Data entries:
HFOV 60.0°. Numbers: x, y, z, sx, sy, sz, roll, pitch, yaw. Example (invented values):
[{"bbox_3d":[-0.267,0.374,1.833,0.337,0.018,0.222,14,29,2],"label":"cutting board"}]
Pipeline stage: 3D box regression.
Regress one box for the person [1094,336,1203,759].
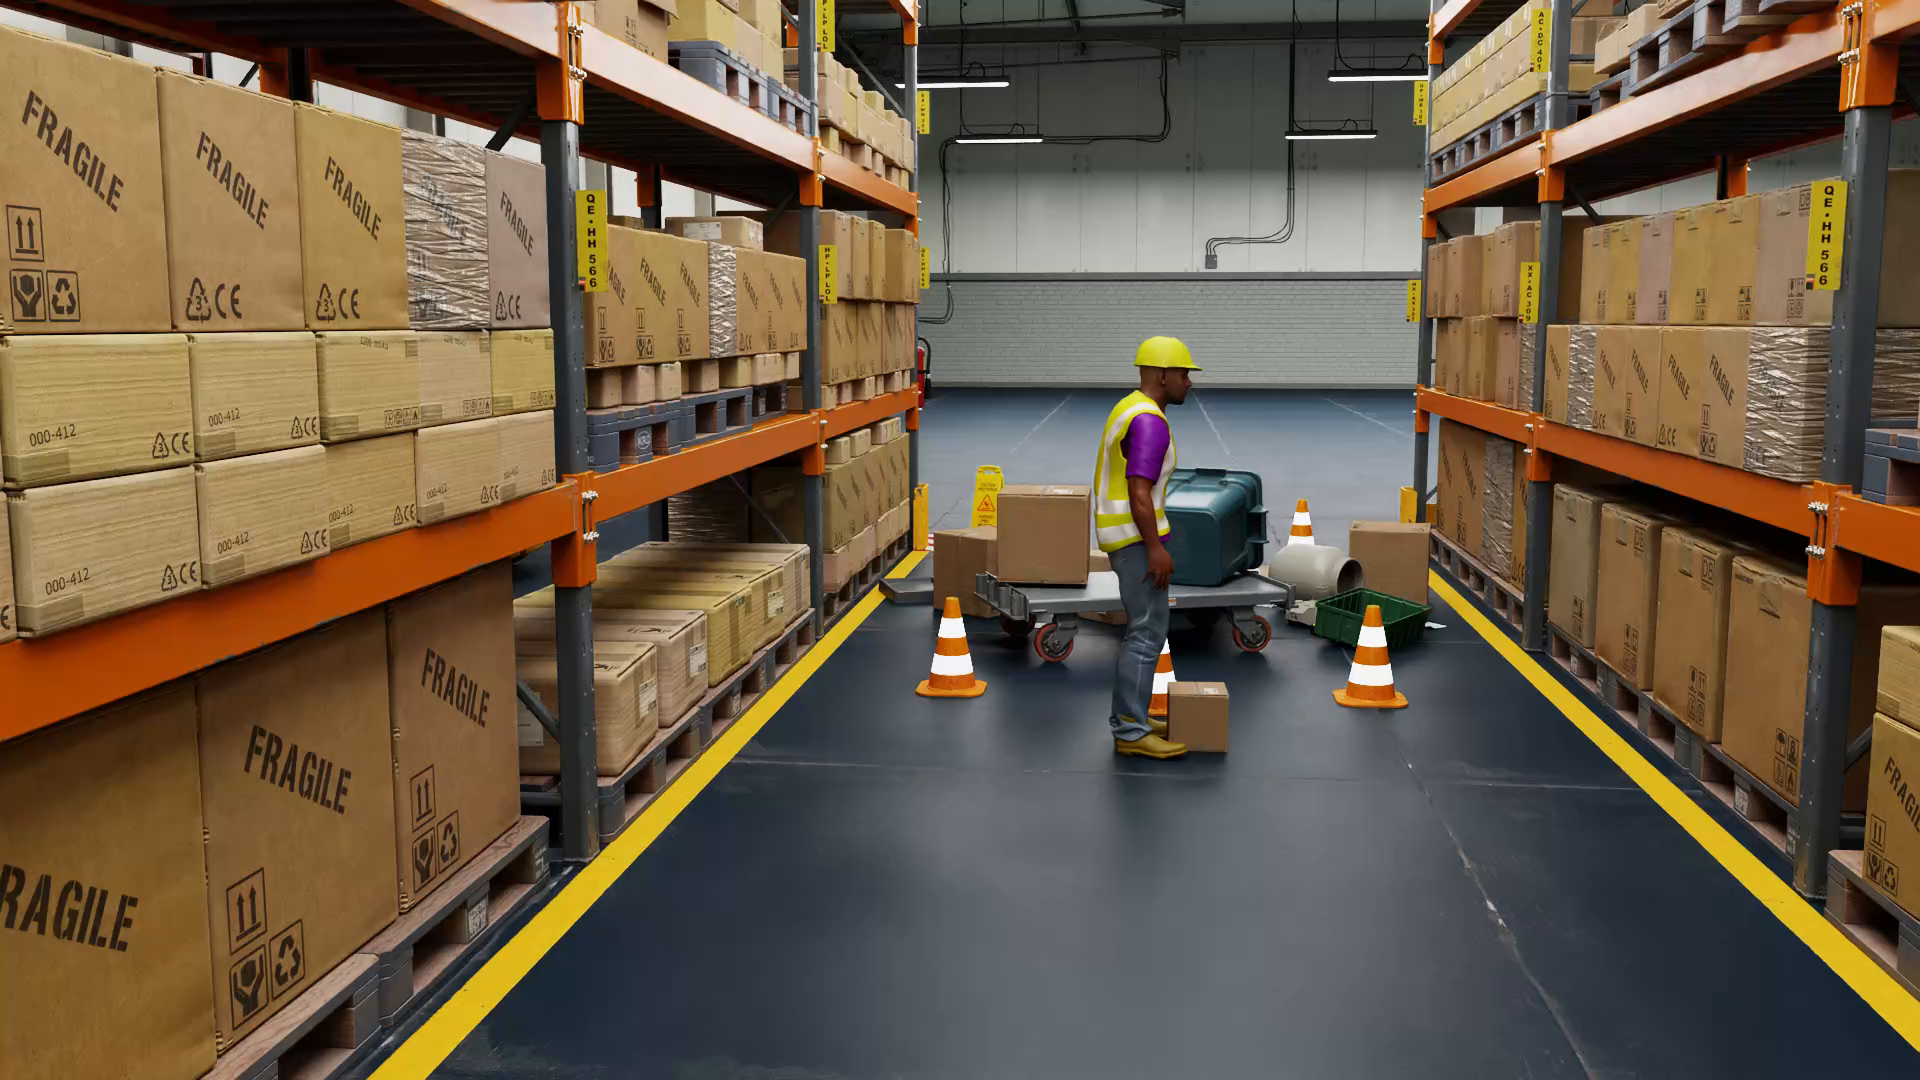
[{"bbox_3d":[0.801,0.013,7.125,0.454,1.761,0.636,0,8,3],"label":"person"}]

* [EXERCISE BRIEF]:
Leave out the images and transcribe all the records exactly.

* [EXERCISE RESULT]:
HFOV 60.0°. Numbers: x, y, z, sx, sy, sz, roll, pitch, yaw. Example (invented values):
[{"bbox_3d":[-0.267,0.374,1.833,0.337,0.018,0.222,14,29,2],"label":"cutting board"}]
Pipeline stage: 3D box regression.
Regress one box for the person [1094,336,1203,759].
[{"bbox_3d":[0.801,0.013,7.125,0.454,1.761,0.636,0,8,3],"label":"person"}]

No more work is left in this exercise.